If I were to guess looking at the one in my driveway compared to the Goat at the shop it lookes like it is at least 2 feet wider and prolly about 4 or 5 ft longer. In my opinion the GTO is more comfortble to sit in, kinda hugs ya and says strap in and enjoy the ride. I just don't get that feel with the charger. It is more like sit in and drive. Just doesn't feel as welcoming to me. It make it easy getting the kids out for school having 4 doors, but from what I have been told by my sister the backseat is way comfortable and it isn't too bad getting in and out.


----------



## Eddie 70 (Aug 29, 2006)

From what I am seeing, an 06 GTO can be had for around $32K or so. An 05 is going to run around $25K and 04 around $22K or so. I am thinking I would like to have an 05 M6 Black with red interior.


----------



## secretsquirrel (Aug 30, 2006)

Eddie 70 said:


> From what I am seeing, an 06 GTO can be had for around $32K or so. An 05 is going to run around $25K and 04 around $22K or so. I am thinking I would like to have an 05 M6 Black with red interior.


This is what I have been seeing online as well. But I'm hoping that I can talk them down from those prices. Either that, or get a really good trade-in value for my Charger. I realize that they have to make their money somewhere, either on my trade-in, or on the price of the GTO, but I'd like to find a deal where they aren't getting me on both ends.

What do you all think? '05 GTO M6 in the mid 20s with low mileage (under 15k). Good deal or could I talk some down?


----------



## Eddie 70 (Aug 29, 2006)

secretsquirrel said:


> This is what I have been seeing online as well. But I'm hoping that I can talk them down from those prices. Either that, or get a really good trade-in value for my Charger.
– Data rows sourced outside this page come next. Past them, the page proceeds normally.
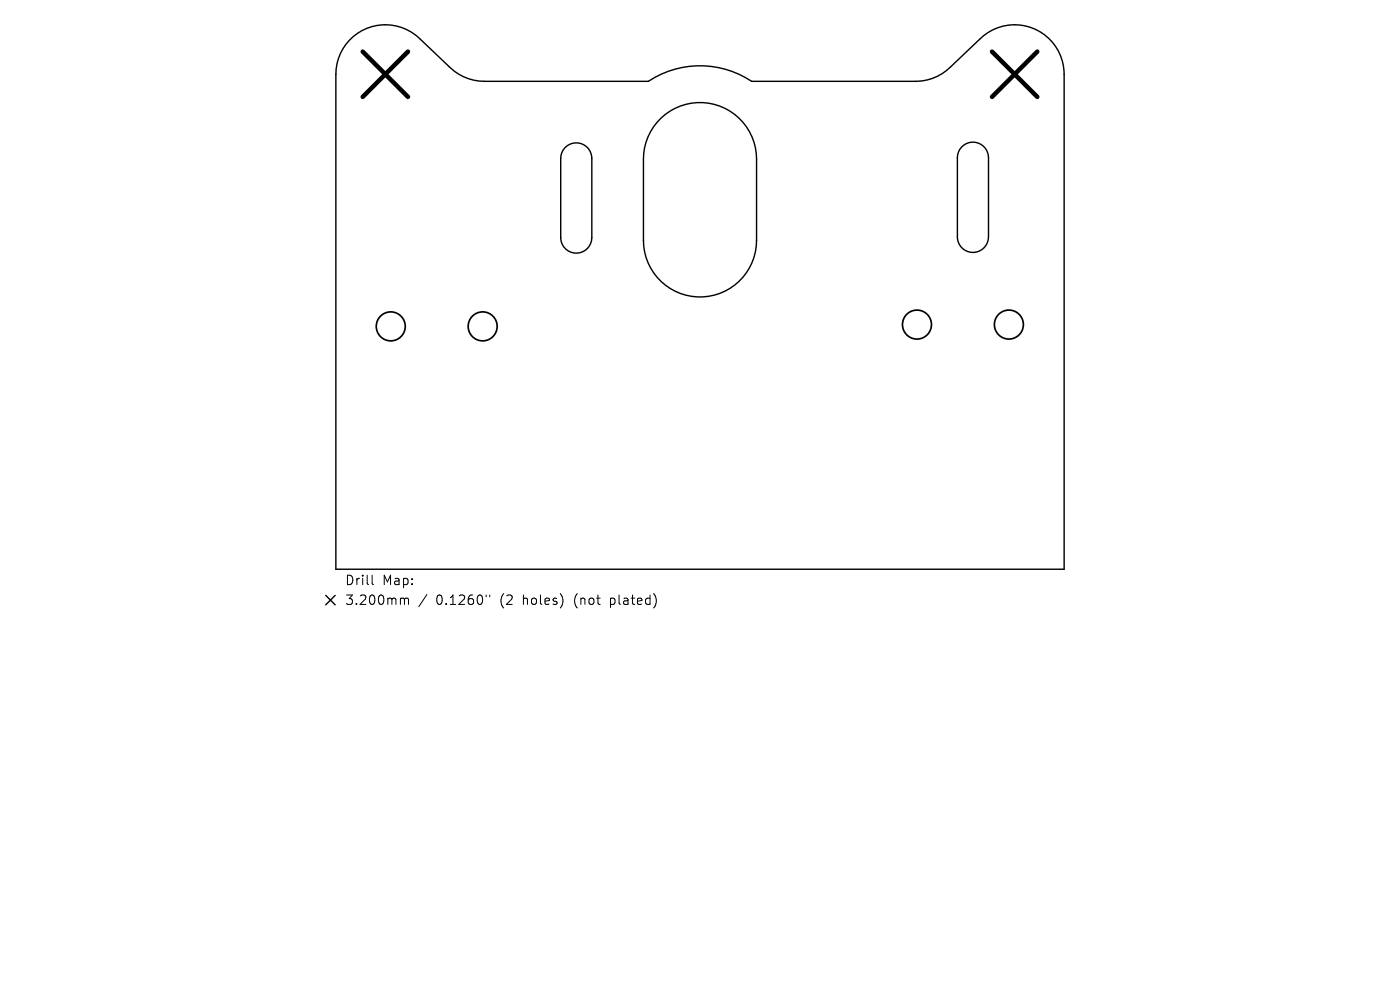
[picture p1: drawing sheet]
<svg xmlns="http://www.w3.org/2000/svg" width="297mm" height="210mm" viewBox="0 0 297 210" stroke-linecap="round" stroke-linejoin="round" font-family="sans-serif">
<defs><g id="words">
<g font-size="2.8">
<text x="73.1" y="124.4">Drill</text>
<text x="81.1" y="124.4">Map:</text>
<text x="73.1" y="128.6">3.200mm</text>
<text x="92.5" y="128.6">0.1260&quot;</text>
<text x="106.3" y="128.6">(2</text>
<text x="111.2" y="128.6">holes)</text>
<text x="122.3" y="128.6">(not</text>
<text x="130.1" y="128.6">plated)</text>
</g>
</g></defs>
<path d="M74.1 8.5a10.5 10.5 0 0 1 15.1-.2l6.1 5.9a10.5 10.5 0 0 0 7.5 3.1h34.8a19.8 19.8 0 0 1 21.9 0h34.8a10.5 10.5 0 0 0 7.4-3.1l6.1-5.9a10.5 10.5 0 0 1 11.5-2.2 10.5 10.5 0 0 1 6.5 9.7v105h-154.5v-105a10.5 10.5 0 0 1 2.8-7.3zM119.9 31.3a3.3 3.3 0 0 1 3.6-.8 3.3 3.3 0 0 1 2.1 3.1v16.8a3.3 3.3 0 0 1-3.3 3.3 3.3 3.3 0 0 1-3.3-3.3v-16.8a3.3 3.3 0 0 1 .9-2.3zM140.2 25.1a12 12 0 0 1 13-2.4 12 12 0 0 1 7.3 11.1v17.2a12 12 0 0 1-12 12 12 12 0 0 1-12-12v-17.2a12 12 0 0 1 3.7-8.7zM204 31.2a3.3 3.3 0 0 1 3.6-.8 3.3 3.3 0 0 1 2.1 3.1v16.8a3.3 3.3 0 0 1-3.3 3.3 3.3 3.3 0 0 1-3.3-3.3v-16.8a3.3 3.3 0 0 1 .9-2.3zM69.1 126.3l2 2M71.1 126.3l-2 2" fill="none" stroke="#000" stroke-width=".3"/>
<g fill="none" stroke="#000" stroke-width=".36">
<circle cx="82.9" cy="69.2" r="3.1"/>
<circle cx="102.4" cy="69.2" r="3.1"/>
<circle cx="194.5" cy="68.9" r="3.1"/>
<circle cx="214" cy="68.9" r="3.1"/>
</g>
<path d="M77 11l9.6 9.6M86.6 11l-9.6 9.6M210.5 11l9.6 9.6M220.1 11l-9.6 9.6" fill="none" stroke="#000" stroke-width=".96"/>
<path d="M78.9 122v1.7l.3 .3M85.2 126.9l.5 .1 .1 .2M85.8 127.2l.3-.3 .5 .1 .1 1.2M85.8 127.2v1M90.6 126.1l-1.7 2.6M103.1 126.2v.4M103.9 126.2v.4" fill="none" stroke="#000" stroke-width=".21"/>
<use href="#words"/>
</svg>
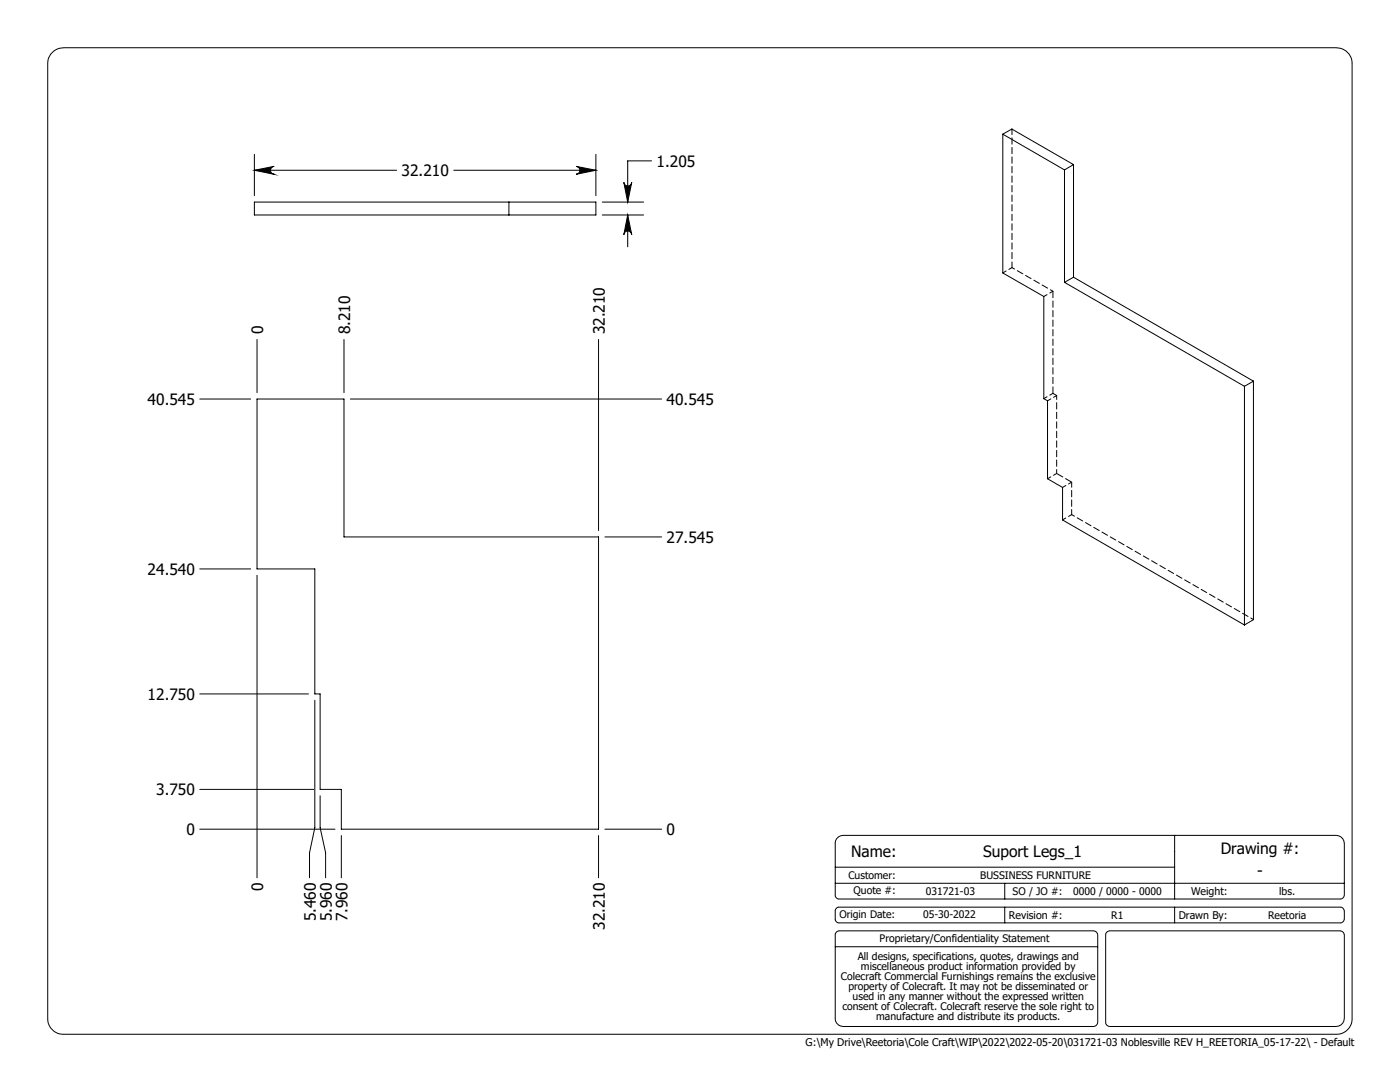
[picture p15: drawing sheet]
<svg xmlns="http://www.w3.org/2000/svg" width="279mm" height="216mm" viewBox="0 0 279 216" stroke-linecap="round" stroke-linejoin="round" font-family="sans-serif">
<defs><g id="words">
<g font-size="3.1">
<text x="80.1" y="35.2">32.210</text>
<text x="131" y="33.3">1.205</text>
<text x="52.5" y="66.7" transform="rotate(-90 52.5 66.7)">0</text>
<text x="69.9" y="66.7" transform="rotate(-90 69.9 66.7)">8.210</text>
<text x="120.7" y="66.7" transform="rotate(-90 120.7 66.7)">32.210</text>
<text x="29.5" y="80.8">40.545</text>
<text x="133" y="80.8">40.545</text>
<text x="133" y="108.3">27.545</text>
<text x="29.5" y="114.7">24.540</text>
<text x="29.5" y="139.7">12.750</text>
<text x="31.2" y="158.7">3.750</text>
<text x="37.2" y="166.7">0</text>
<text x="133" y="166.7">0</text>
<text x="169.9" y="171">Name:</text>
<text x="196.2" y="171">Suport Legs_1</text>
<text x="243.6" y="170.4">Drawing #:</text>
<text x="52.5" y="177.8" transform="rotate(-90 52.5 177.8)">0</text>
<text x="250.9" y="174.7">-</text>
<text x="63" y="183.9" transform="rotate(-90 63 183.9)">5.460</text>
<text x="66.2" y="183.9" transform="rotate(-90 66.2 183.9)">5.960</text>
<text x="69.4" y="183.9" transform="rotate(-90 69.4 183.9)">7.960</text>
<text x="120.7" y="185.6" transform="rotate(-90 120.7 185.6)">32.210</text>
</g>
<g font-size="2.1">
<text x="169.3" y="175.3">Customer:</text>
<text x="170.3" y="178.5">Quote #:</text>
<text x="184.8" y="178.5">031721-03</text>
<text x="195.6" y="175.3">BUSSINESS FURNITURE</text>
<text x="202.1" y="178.5">SO / JO #:</text>
<text x="214.2" y="178.5">0000 / 0000 - 0000</text>
<text x="237.7" y="178.6">Weight:</text>
<text x="255.3" y="178.6">lbs.</text>
<text x="167.5" y="183.3">Origin Date:</text>
<text x="184.2" y="183.3">05-30-2022</text>
<text x="201.4" y="183.3">Revision #:</text>
<text x="221.8" y="183.3">R1</text>
<text x="235.2" y="183.3">Drawn By:</text>
<text x="253.1" y="183.3">Reetoria</text>
<text x="171.2" y="191.5">All designs, specifications, quotes, drawings and</text>
<text x="175.6" y="188.1">Proprietary/Confidentiality Statement</text>
<text x="167.8" y="195.5">Colecraft Commercial Furnishings remains the exclusive</text>
<text x="169.3" y="197.6">property of Colecraft. It may not be disseminated or</text>
<text x="171.8" y="193.5">miscellaneous product information provided by</text>
<text x="168.1" y="201.6">consent of Colecraft. Colecraft reserve the sole right to</text>
<text x="170.2" y="199.6">used in any manner without the expressed written</text>
<text x="174.9" y="203.6">manufacture and distribute its products.</text>
<text x="160.8" y="208.8">G:\My Drive\Reetoria\Cole Craft\WIP\2022\2022-05-20\031721-03 Noblesville REV H_REETORIA_05-17-22\ - Default</text>
</g>
</g></defs>
<g fill="none" stroke="#000" stroke-width=".2">
<path d="M10.2 10.8a3.3 3.3 0 0 1 2.5-1.3h254a3.2 3.2 0 0 1 3.1 3.2v190.5a3.1 3.1 0 0 1-3.1 3.2h-254a3.1 3.1 0 0 1-3.2-3.2v-190.5a2.93 2.93 0 0 1 .7-1.9zM50.8 34l3.9-.8a.79 .79 0 0 0-.7 .8 .79 .79 0 0 0 .7 .8zM50.8 30.8v8.3M50.8 34h28.4M90.6 34h28.3M115 33.2l3.9 .8-3.9 .8a.79 .79 0 0 0 .7-.8 .79 .79 0 0 0-.7-.8zM118.9 30.8v8.3M124.5 36.4a.79 .79 0 0 0 .8 .7 .79 .79 0 0 0 .8-.7l-.8 3.9zM130 32.1h-4.7v8.2M200.1 26.8l12.3 7.1M200.1 26.8v27.7l8.2 4.7v20.4l.8 .4v15.5l3 1.8v6.5l36.3 20.9M200.1 26.8l1.8-1 12.3 7"/>
<path d="M212.4 33.9v22.4M214.2 32.8l-1.8 1.1M214.2 32.8v22.5M50.8 40.3h68.1v2.6h-68.1zM101.6 40.3v2.6M120.2 42.9h8.2M120.2 40.3h8.2M125.3 42.9l.8 3.9a.79 .79 0 0 0-.8-.7 .79 .79 0 0 0-.8 .7zM125.3 42.9v6.3M212.4 56.3l36 20.8M214.2 55.3l-1.8 1M214.2 55.3l36 20.8"/>
<path d="M39.9 79.6h10.1M51.3 79.6h17.4v27.5h50.8v58.4h-51.4v-8h-4.2v-19h-1.1v-25h-11.5zM51.3 67.7v10.7M68.7 67.7v10.7M69.9 79.6h62.1M119.5 67.7v38.2M248.4 77.1v47.6M250.2 76.1v47.5l-1.8 1.1M250.2 76.1l-1.8 1M39.9 113.5h10.1M51.3 114.8v60.4M120.7 107.1h11.3"/>
<path d="M39.9 138.5h21.7M62.8 139.7v25.5l-1 4.9v5.1M39.9 157.5h22.7M63.9 158.8v6.4l1.1 4.9v5.1M39.9 165.5h27M68.1 166.7v8.5M119.5 166.7v8.5M120.7 165.5h11.3M166.7 176.2h101.6M166.7 173h67.7M166.9 167.4l.5-.4 .8-.3h98.5a1.69 1.69 0 0 1 1.6 1.6v10.3a.85 .85 0 0 1-.8 .8h-100a.77 .77 0 0 1-.8-.8v-10.5zM200.5 176.2v3.2"/>
<path d="M234.4 166.7v12.7M166.7 188.9h52.4M166.9 186.1l.6-.4h50.8a.91 .91 0 0 1 .8 .8v17.5a.91 .91 0 0 1-.8 .8h-50.2a1.58 1.58 0 0 1-1.4-1.6v-16.8zM166.9 181.3l.4-.3h100.2a.83 .83 0 0 1 .8 .8v1.6a.85 .85 0 0 1-.8 .7h-100a.77 .77 0 0 1-.8-.7v-1.8zM200.5 181v3.1M220.8 186.1l.6-.4h46.1a.91 .91 0 0 1 .8 .8v16.7a1.68 1.68 0 0 1-1.6 1.6h-45.3a.85 .85 0 0 1-.7-.8v-17.6zM234.4 181v3.1"/>
</g>
<path d="M125.3 42.9l.8 3.9a.79 .79 0 0 0-.8-.7 .79 .79 0 0 0-.8 .7zM124.5 36.4a.79 .79 0 0 0 .8 .7 .79 .79 0 0 0 .8-.7l-.8 3.9zM115 33.2l3.9 .8-3.9 .8a.79 .79 0 0 0 .7-.8 .79 .79 0 0 0-.7-.8zM50.8 34l3.9-.8a.79 .79 0 0 0-.7 .8 .79 .79 0 0 0 .7 .8z" fill="#000"/>
<path d="M202 25.7v27.7" fill="none" stroke="#000" stroke-width=".2" stroke-dasharray="1.3 .6" stroke-dashoffset=".1"/>
<path d="M250.2 123.6l-36.3-20.9" fill="none" stroke="#000" stroke-width=".2" stroke-dasharray="1.3 .6" stroke-dashoffset=".6"/>
<path d="M200.2 54.4l1.8-1M208.3 59.2l1.8-1.1M208.3 79.5l1.8-1M209.1 80l1.8-1.1M210.9 78.9v15.6M209.1 95.5l1.8-1M212.1 97.2l1.8-1M212.1 103.7l1.8-1" fill="none" stroke="#000" stroke-width=".2" stroke-dasharray="1.3 .6" stroke-dashoffset=".5"/>
<path d="M202 53.4l8.1 4.7" fill="none" stroke="#000" stroke-width=".2" stroke-dasharray="1.3 .6" stroke-dashoffset=".7"/>
<path d="M210.1 58.1v20.4" fill="none" stroke="#000" stroke-width=".2" stroke-dasharray="1.3 .6"/>
<path d="M210.1 78.5l.8 .4" fill="none" stroke="#000" stroke-width=".2" stroke-dasharray="1.3 .6" stroke-dashoffset=".4"/>
<path d="M213.9 96.2v6.5" fill="none" stroke="#000" stroke-width=".2" stroke-dasharray="1.3 .6" stroke-dashoffset=".3"/>
<path d="M210.9 94.5l3 1.7" fill="none" stroke="#000" stroke-width=".2" stroke-dasharray="1.3 .6" stroke-dashoffset="-.1"/>
<use href="#words"/>
</svg>

I realize that they have to make their money somewhere, either on my trade-in, or on the price of the GTO, but I'd like to find a deal where they aren't getting me on both ends.
> 
> What do you all think? '05 GTO M6 in the mid 20s with low mileage (under 15k). Good deal or could I talk some down?



I am with you on this one. I would like a nice low mileage one also. My wife loved the car after she saw the 06 last night. Two things she did not like, the price and the small trunk. Otherwise I would have brought it home last night. I do have GM supplier discount on my side but I was afraid to use it at this time. I wish I knew what the discount would be on the GTO versus what I could get them to down to on my own. That is the problem with the supplier discount, you walk in and tell them I have the Supplier discount and then you get the car for $XX,XXX and go. 
It sure was a sweet little joy ride last night.


----------



## J.E.T. (Sep 30, 2005)

Two totally different cars........the GTO is a rocketship, especially with an FI system, headers, etc. The Charger is a cruiser, big and fat, no power whatsoever. I test drove an SRT8 along with an R/T and even the SRT8 seemed way slow compared to my GTO........


JET


----------



## JMVorbeck (Jun 1, 2005)

20 and no kids. Not sure why you bought a 4 door sedan in the first place. Act your age, go buy the 400 horsepower coupe.


----------



## madkat (Jul 20, 2006)

Eddie 70 said:


> I am with you on this one. I would like a nice low mileage one also. My wife loved the car after she saw the 06 last night. Two things she did not like, the price and the small trunk. Otherwise I would have brought it home last night. I do have GM supplier discount on my side but I was afraid to use it at this time. I wish I knew what the discount would be on the GTO versus what I could get them to down to on my own. That is the problem with the supplier discount, you walk in and tell them I have the Supplier discount and then you get the car for $XX,XXX and go.
> It sure was a sweet little joy ride last night.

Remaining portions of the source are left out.